In the centuries that followed the end of the Roman Empire, Basilicata was troubled by the invasions of barbarian populations coming from Northern Europe and it was only starting from the 10th century AD. that this area returned to be permanently populated. For many years, the Byzantine monks and the Saracens lived together with the local populations sheltered in what probably was the medieval village of Gallipolis, whose remains can be seen on the top of Timpa Castello near the "Palazzo". S. Guglielmo from Vercelli founded the “Palazzo”, an ancient convent, around 1100 together with the convent of S. Maria di Serracognato (now known as Cognato Chapel).
The frequent famines and plague epidemics that characterized the following centuries (in particular the 14th and 15th centuries AD), caused a considerable depopulation of many centres in the area and this situation continued throughout the seventeenth century; only starting from the 18th century it began to witness a slow recovery of the settlements. The decisive century for the territory of Gallipoli Cognato and of the Lucanian Dolomites was certainly the 800th; in this period, in fact, the whole area underwent a process of anthropization whose signs are still evident today.
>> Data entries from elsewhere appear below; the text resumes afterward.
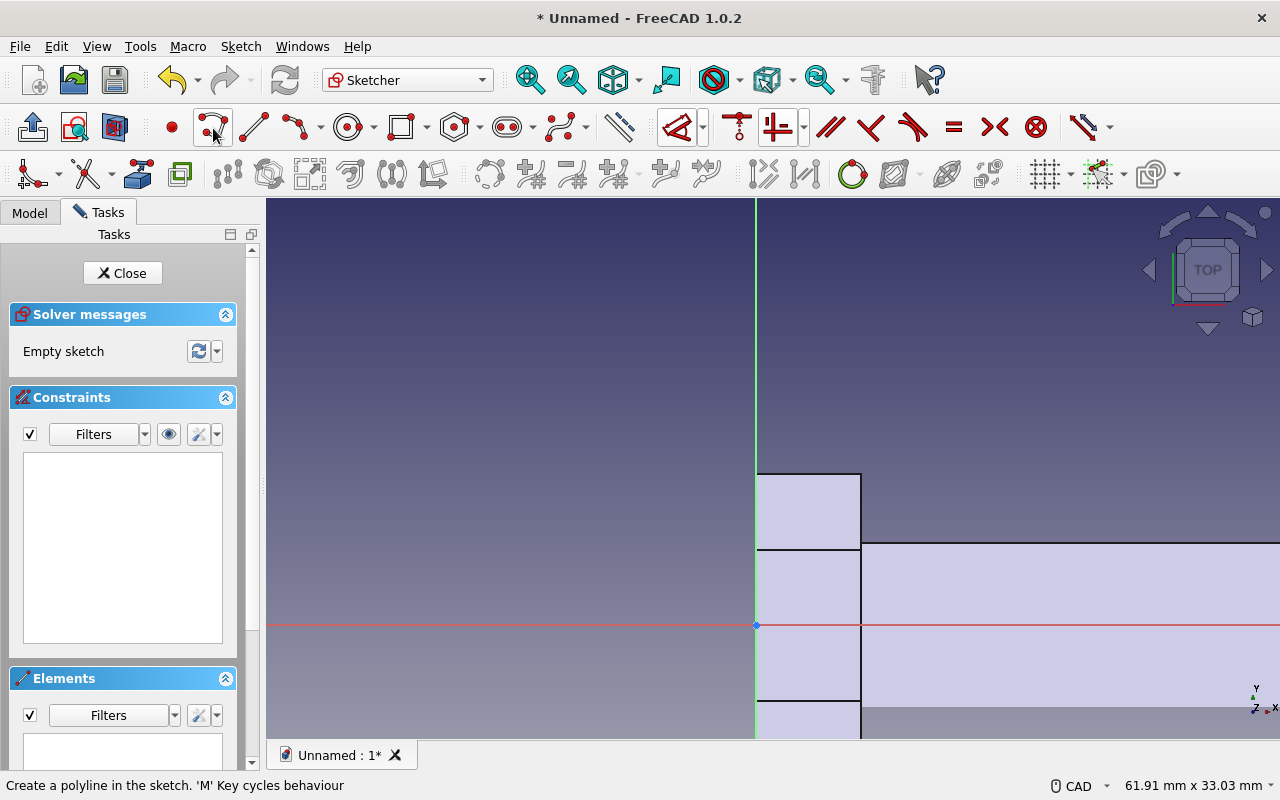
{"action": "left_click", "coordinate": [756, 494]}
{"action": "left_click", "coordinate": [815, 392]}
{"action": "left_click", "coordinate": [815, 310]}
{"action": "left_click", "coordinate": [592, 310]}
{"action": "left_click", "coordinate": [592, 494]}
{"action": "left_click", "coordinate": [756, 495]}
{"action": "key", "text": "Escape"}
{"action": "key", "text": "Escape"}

Among the major initiatives, we mention the establishment of the State Forestry Corps in the former Palace convent; the construction of numerous forest barracks, nurseries and farms, the cultivation of land that until then had been of marginal importance. In fact, numerous are the Jazzi present in the territory of Accettura, bearing witness to the importance of sheep and goat breeding. Together with the inhabited centres, therefore, significant rural settlements were developed in the territories of Accettura (Valmiletta, Valdienne) of Pietrapertosa (Castagna, Casieri, Abetina) and of Castelmezzano (Calcesia), giving the landscape an entirely original aspect, which still constitutes singular and peculiar element of these places.